Так минули два года. Когда какие-то дела требовали от бабушки выйти на улицу, мы всегда устраивали так, чтобы ей не пришлось этого делать. Но вдруг в августе 1993-го, когда понадобилось переоформить ее пенсию, бабушка Таня сказала, что пойдет сама, нужно только ее проводить, помочь дойти.

Отец с матерью обрадовались, они увидели в этом знак, что бабушка Таня начинает поправляться, у нее появились силы; а я не мог понять, что произошло, ведь я чувствовал, что ничего внутри бабушки не поменялось; она так же слаба, как и день, и два, и неделю назад.
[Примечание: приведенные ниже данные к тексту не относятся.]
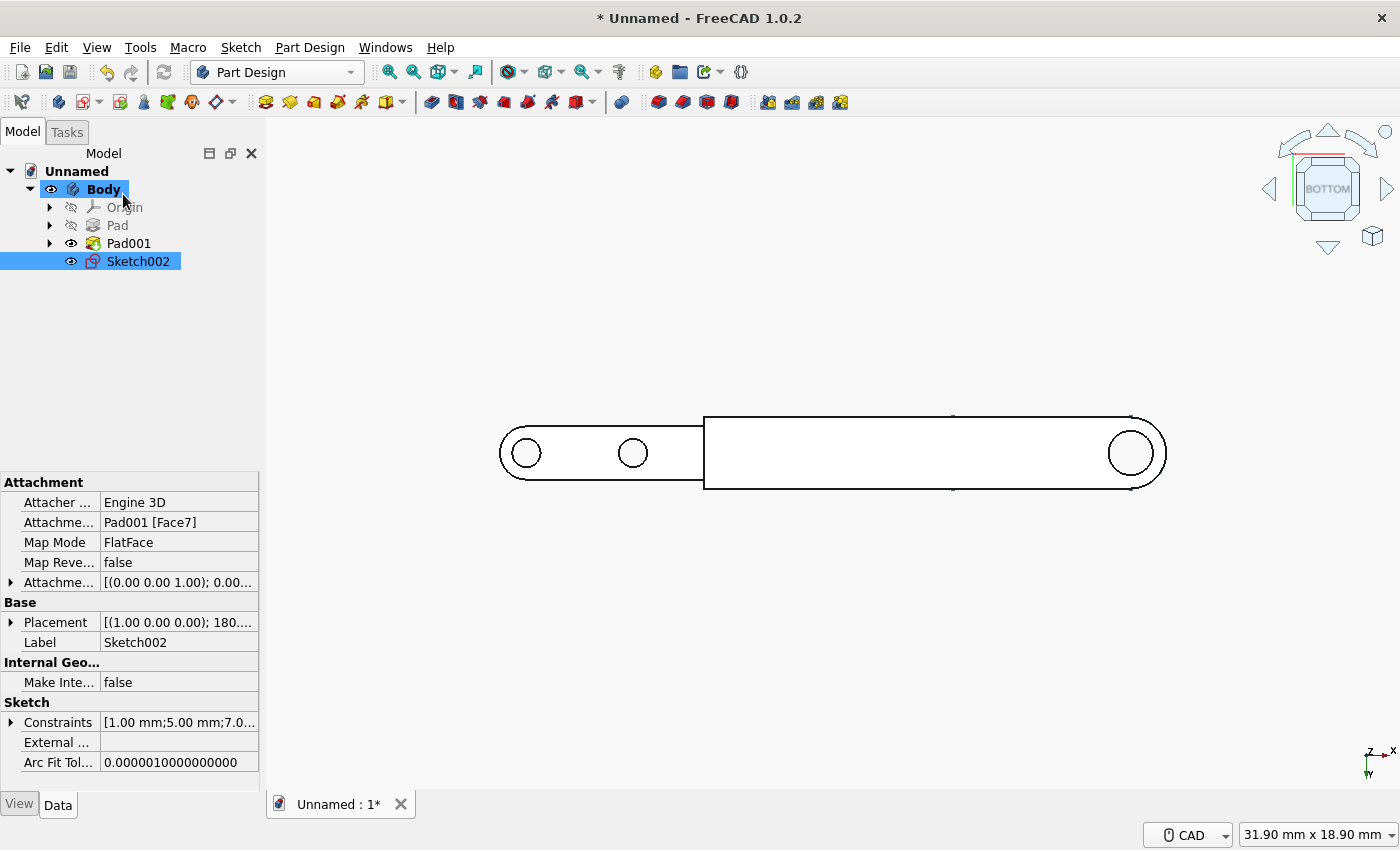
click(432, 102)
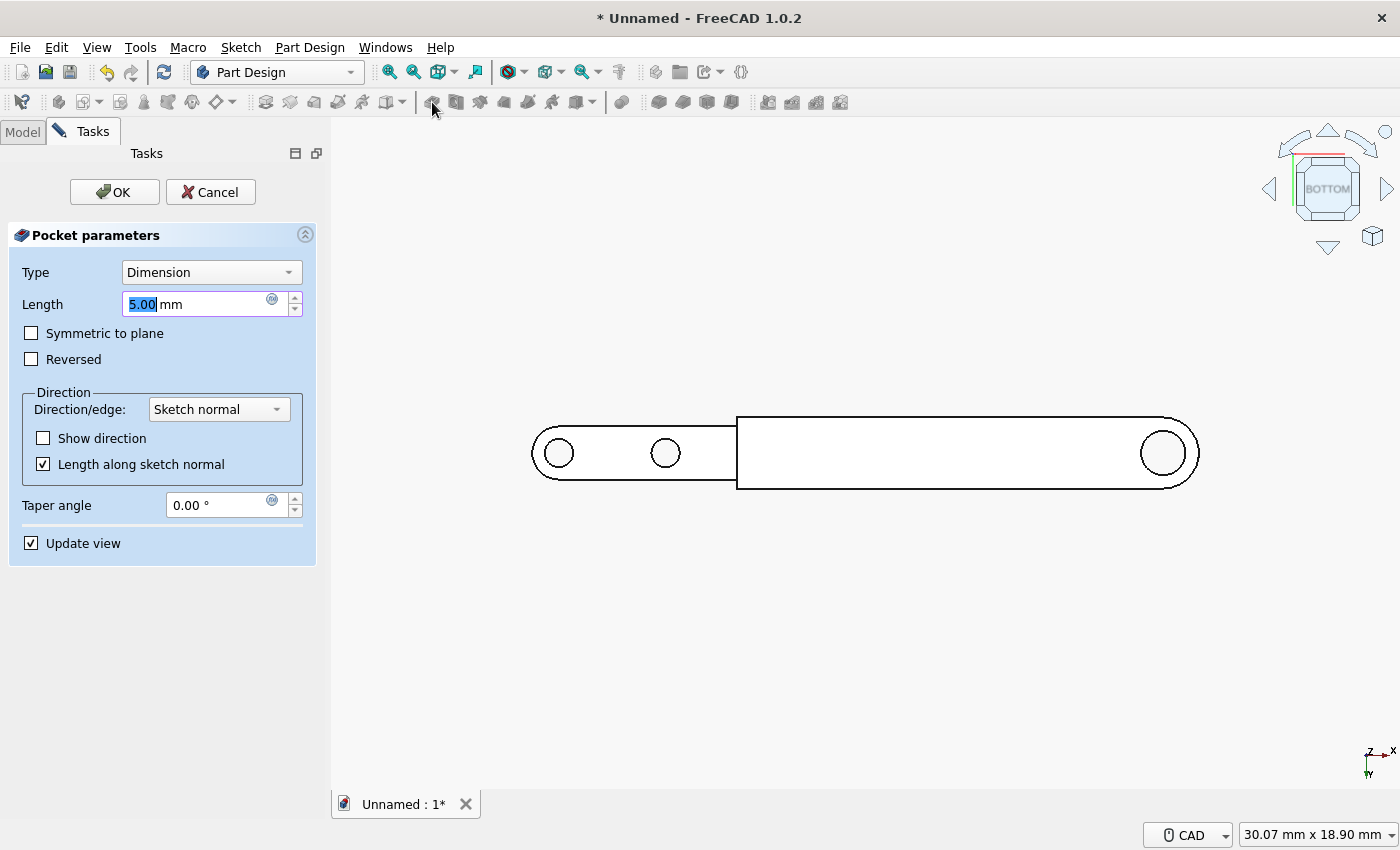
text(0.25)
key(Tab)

Сопровождать бабушку выпало мне. Мы вышли на улицу, где она не была два года. Шагала она медленно, будто давая старым ботинкам время осознать, что их снова надели. Мы миновали песочницу, навес для домино, развешанное на веревках белье, вышли на проезжую дорогу, пошли по тротуару; я вел бабушку под руку. Около овощного магазина она попросила меня провести ее внутрь; я удивился, что может быть интересного в картошке и свекле, но просьбу выполнил. Потом мы заглянули в парикмахерскую, в магазин электротоваров, в булочную и даже в библиотеку. Я не мог догадаться, зачем это бабушке, чувствовал странную тревогу, но она была так мягка, так настойчива в своей мягкости, что я послушно выполнял все ее просьбы. Бабушка изучала цены, листала газеты, смотрела на новые прически; неужели, неужели она и вправду в один момент возвратилась к жизни?